Directions for this task:
Without any images, output the records below verbatim.
*** Opening Task input ***
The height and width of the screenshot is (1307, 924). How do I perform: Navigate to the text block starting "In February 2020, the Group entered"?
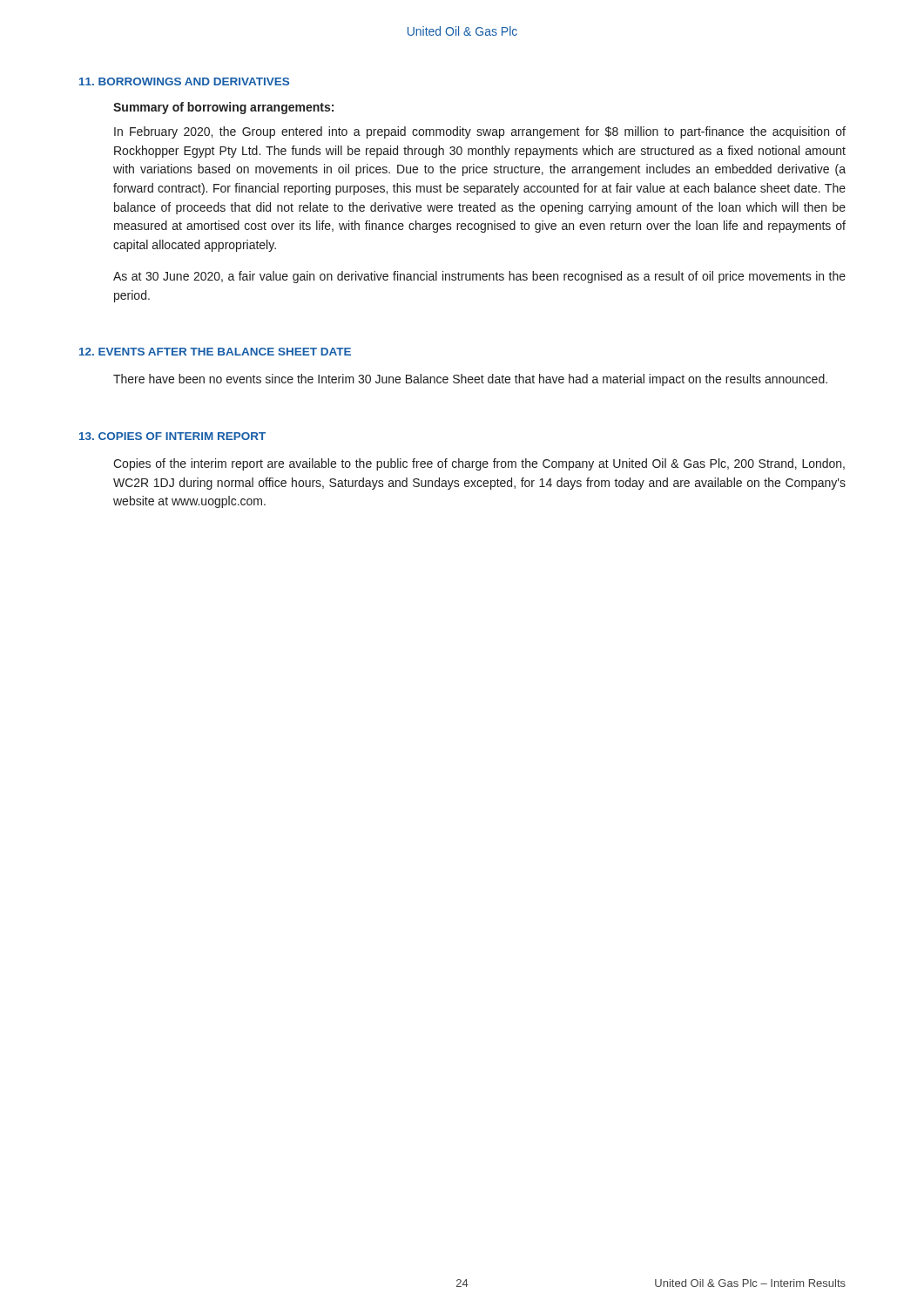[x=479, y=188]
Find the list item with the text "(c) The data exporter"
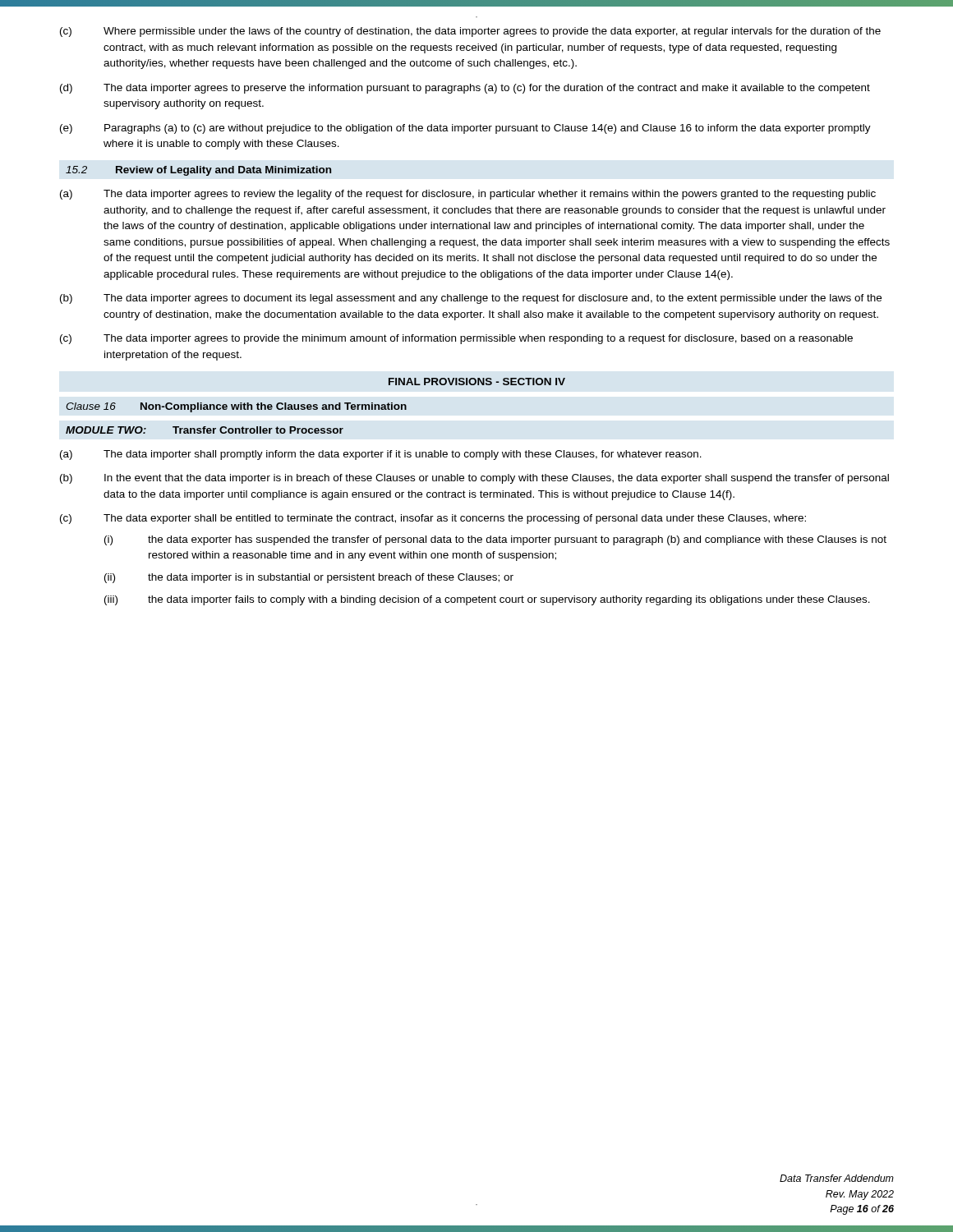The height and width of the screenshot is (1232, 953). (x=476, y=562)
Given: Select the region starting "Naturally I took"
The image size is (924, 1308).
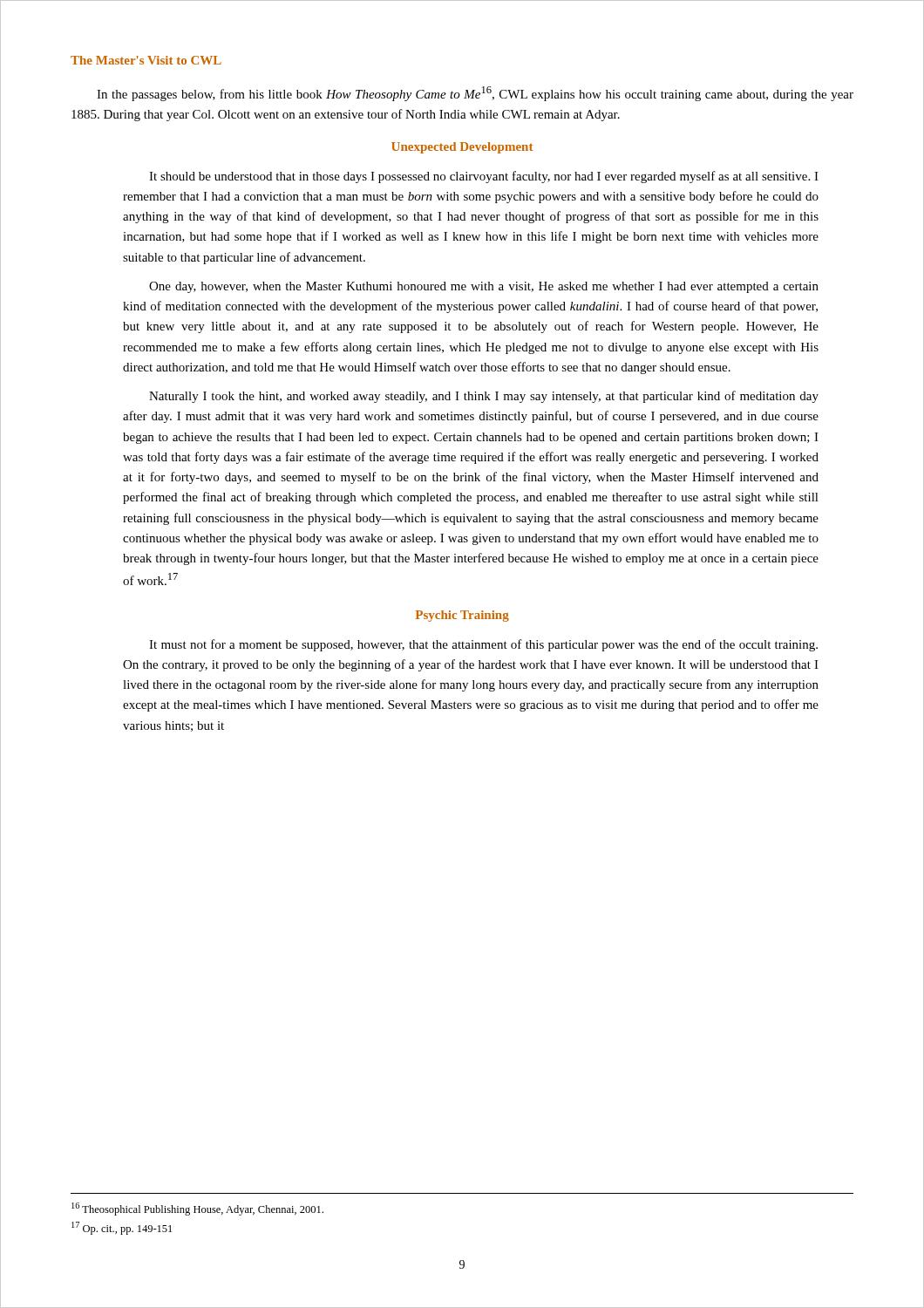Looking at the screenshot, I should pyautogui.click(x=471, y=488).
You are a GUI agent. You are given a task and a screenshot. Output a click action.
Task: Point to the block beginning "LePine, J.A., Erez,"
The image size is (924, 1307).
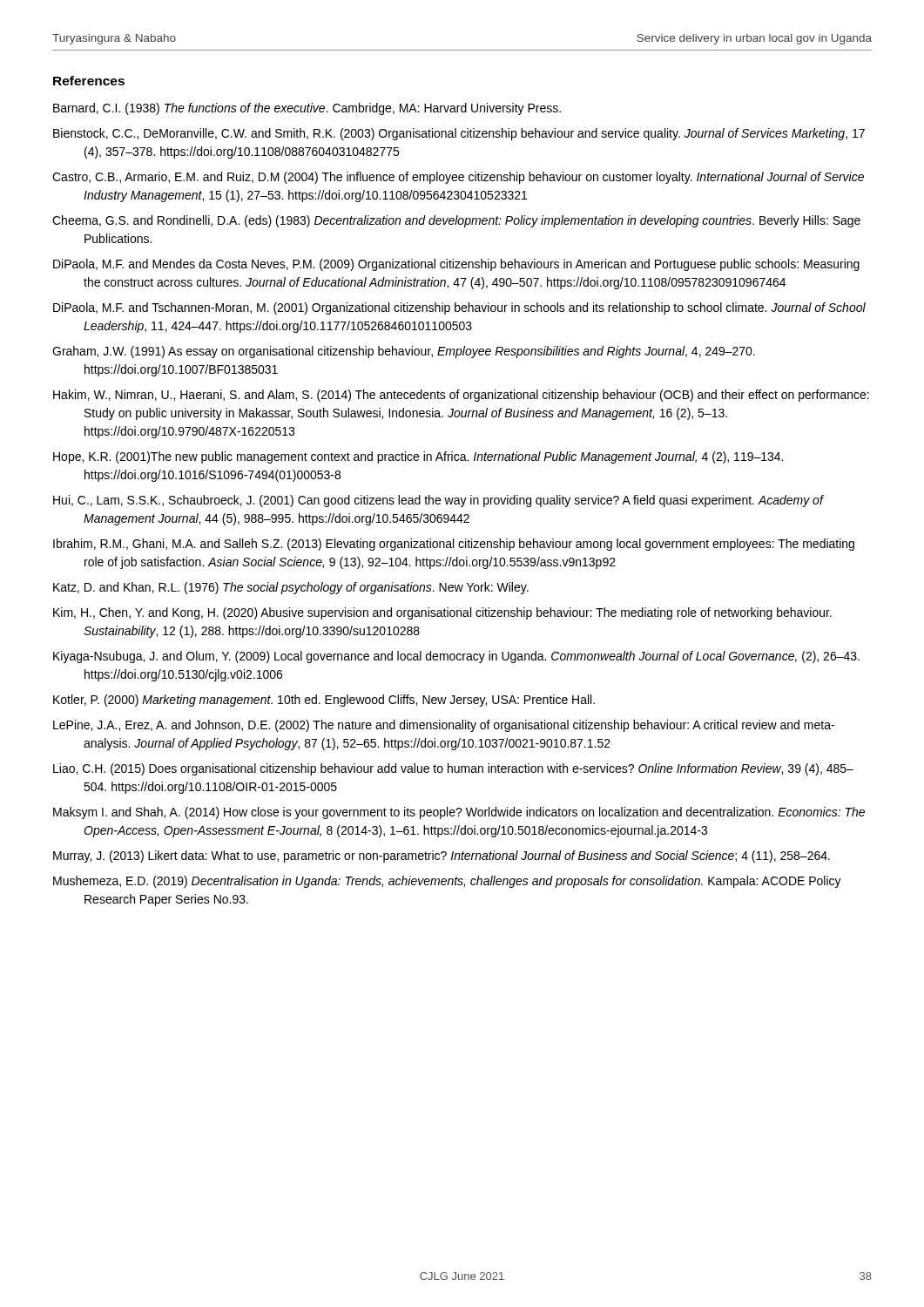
*** Closing Task input ***
Answer to this task:
The height and width of the screenshot is (1307, 924). How do I perform: Navigate to the text block starting "In February 2020, the Group entered"?
[x=479, y=188]
Find the list item with the text "(c) The data exporter"
The height and width of the screenshot is (1232, 953). (x=476, y=562)
Given: Select the region starting "Naturally I took"
The image size is (924, 1308).
Looking at the screenshot, I should pyautogui.click(x=471, y=488).
You are a GUI agent. You are given a task and a screenshot. Output a click action.
Task: Point to the block beginning "LePine, J.A., Erez,"
The image size is (924, 1307).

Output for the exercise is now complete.